Non‑binding Senate resolution catalogs alleged statutory violations, mass firings, and anti‑vaccine actions that senators say threaten public health and heighten oversight and litigation risks.

The Brief

This resolution (S. Res. 374) is a formal expression by a group of senators that Secretary of Health and Human Services Robert F.

Kennedy Jr. ‘‘does not have the confidence of the Senate or of the American people’’ and therefore should be removed from office. The text lays out a long list of findings alleging misconduct: an anti‑vaccine agenda, abrupt terminations of grants and staff, reorganization steps said to exceed statutory authority, and actions that undermine core HHS programs.

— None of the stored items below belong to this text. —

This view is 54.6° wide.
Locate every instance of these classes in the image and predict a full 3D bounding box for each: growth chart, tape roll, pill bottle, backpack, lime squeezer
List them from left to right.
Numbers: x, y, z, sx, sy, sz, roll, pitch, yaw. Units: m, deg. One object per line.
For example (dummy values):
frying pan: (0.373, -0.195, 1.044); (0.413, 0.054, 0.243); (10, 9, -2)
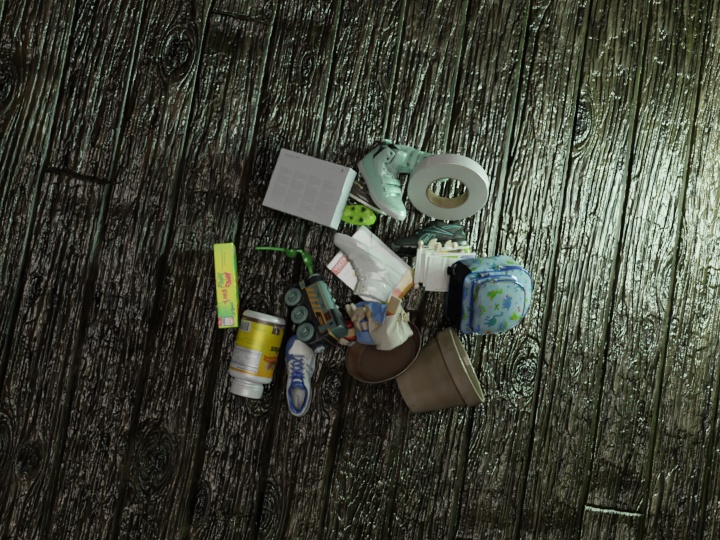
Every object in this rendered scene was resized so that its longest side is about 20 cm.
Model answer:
pill bottle: (-0.256, 0.204, 1.696); (0.109, 0.109, 0.201); (14, 86, -4)
lime squeezer: (-0.167, -0.027, 1.762); (0.199, 0.038, 0.071); (35, 115, -3)
tape roll: (0.217, -0.204, 1.727); (0.201, 0.203, 0.037); (13, 53, -4)
growth chart: (0.226, -0.005, 1.758); (0.199, 0.018, 0.146); (8, 107, -16)
backpack: (0.328, 0.064, 1.723); (0.199, 0.147, 0.184); (-10, 117, -20)

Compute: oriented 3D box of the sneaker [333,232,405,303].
sneaker: (0.000, 0.000, 1.711); (0.199, 0.074, 0.116); (32, 82, -3)

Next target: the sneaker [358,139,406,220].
sneaker: (0.076, -0.227, 1.702); (0.118, 0.074, 0.201); (-44, 62, 32)

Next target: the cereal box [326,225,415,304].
cereal box: (0.032, 0.003, 1.770); (0.200, 0.040, 0.144); (41, 85, -2)

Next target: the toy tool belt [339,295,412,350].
toy tool belt: (0.026, 0.112, 1.692); (0.125, 0.199, 0.124); (-31, 116, -47)

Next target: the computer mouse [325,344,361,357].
computer mouse: (-0.067, 0.188, 1.753); (0.200, 0.034, 0.059); (36, 83, -3)

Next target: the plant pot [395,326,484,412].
plant pot: (0.185, 0.263, 1.708); (0.173, 0.200, 0.201); (-26, 89, 9)

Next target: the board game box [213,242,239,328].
board game box: (-0.325, 0.038, 1.704); (0.047, 0.102, 0.201); (-4, 87, -7)

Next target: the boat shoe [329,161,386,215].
boat shoe: (-0.012, -0.207, 1.762); (0.200, 0.072, 0.061); (29, 89, -1)

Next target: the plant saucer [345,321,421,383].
plant saucer: (0.060, 0.202, 1.710); (0.200, 0.200, 0.037); (-34, 130, -6)

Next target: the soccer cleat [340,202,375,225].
soccer cleat: (-0.057, -0.150, 1.761); (0.199, 0.081, 0.068); (17, 88, 17)

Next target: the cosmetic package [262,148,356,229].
cosmetic package: (-0.127, -0.202, 1.720); (0.199, 0.052, 0.152); (19, 91, 21)

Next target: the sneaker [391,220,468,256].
sneaker: (0.173, -0.082, 1.782); (0.199, 0.075, 0.080); (-4, 74, -12)

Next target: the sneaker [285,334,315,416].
sneaker: (-0.147, 0.259, 1.715); (0.075, 0.088, 0.201); (-4, 86, -4)

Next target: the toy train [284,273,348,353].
toy train: (-0.107, 0.101, 1.693); (0.114, 0.085, 0.201); (-28, 57, 8)

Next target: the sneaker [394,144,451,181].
sneaker: (0.144, -0.282, 1.757); (0.199, 0.118, 0.074); (14, 85, -4)
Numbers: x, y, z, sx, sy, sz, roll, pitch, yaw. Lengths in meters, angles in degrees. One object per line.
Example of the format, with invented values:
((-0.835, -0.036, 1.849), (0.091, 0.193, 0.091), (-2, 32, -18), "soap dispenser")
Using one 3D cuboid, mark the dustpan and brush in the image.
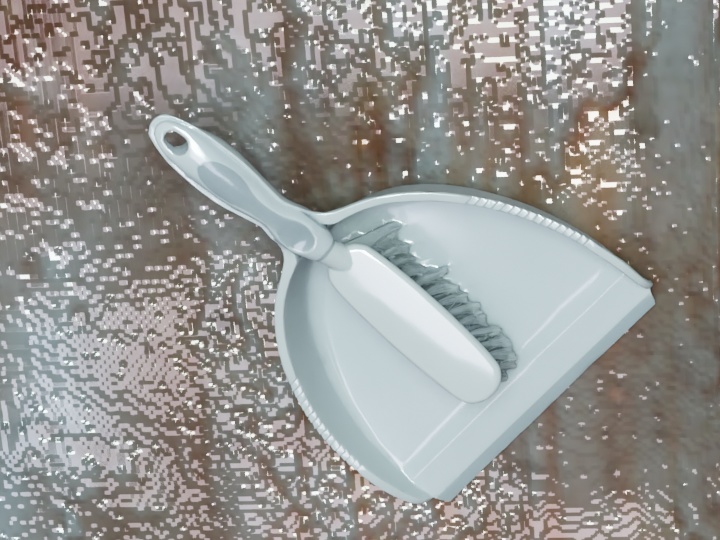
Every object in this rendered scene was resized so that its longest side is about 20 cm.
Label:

Although the resolution does not itself remove or discipline the Secretary, it packages specific factual allegations and statutory citations into a single Senate statement. That makes it a tool for political pressure, oversight, and coordination with ongoing litigation and agency reviews — and it signals to federal agencies, states, and courts how a significant bloc of senators views HHS leadership and department stability.

At a Glance

What It Does

S. Res. 374 is a sense‑of‑the‑Senate resolution that states the Senate lacks confidence in the HHS Secretary and recommends his removal. The only operative language is a nonbinding declaration; the bulk of the document is an extensive preamble listing factual findings and statutory citations.

Who It Affects

The resolution targets the Secretary and his leadership decisions but also implicates HHS career staff, federal research institutions, state public‑health programs, and parties to ongoing lawsuits against HHS. It is primarily a political and oversight instrument rather than a legal sanction.

Why It Matters

By consolidating allegations about grant cancellations, workforce reductions, advisory‑committee purges, and statutory violations, the resolution amplifies congressional scrutiny and supports intervening states and research groups in litigation or oversight. For regulators, grant recipients, and compliance officers, the resolution signals potential reversals, oversight hearings, and heightened legal risk around HHS program decisions.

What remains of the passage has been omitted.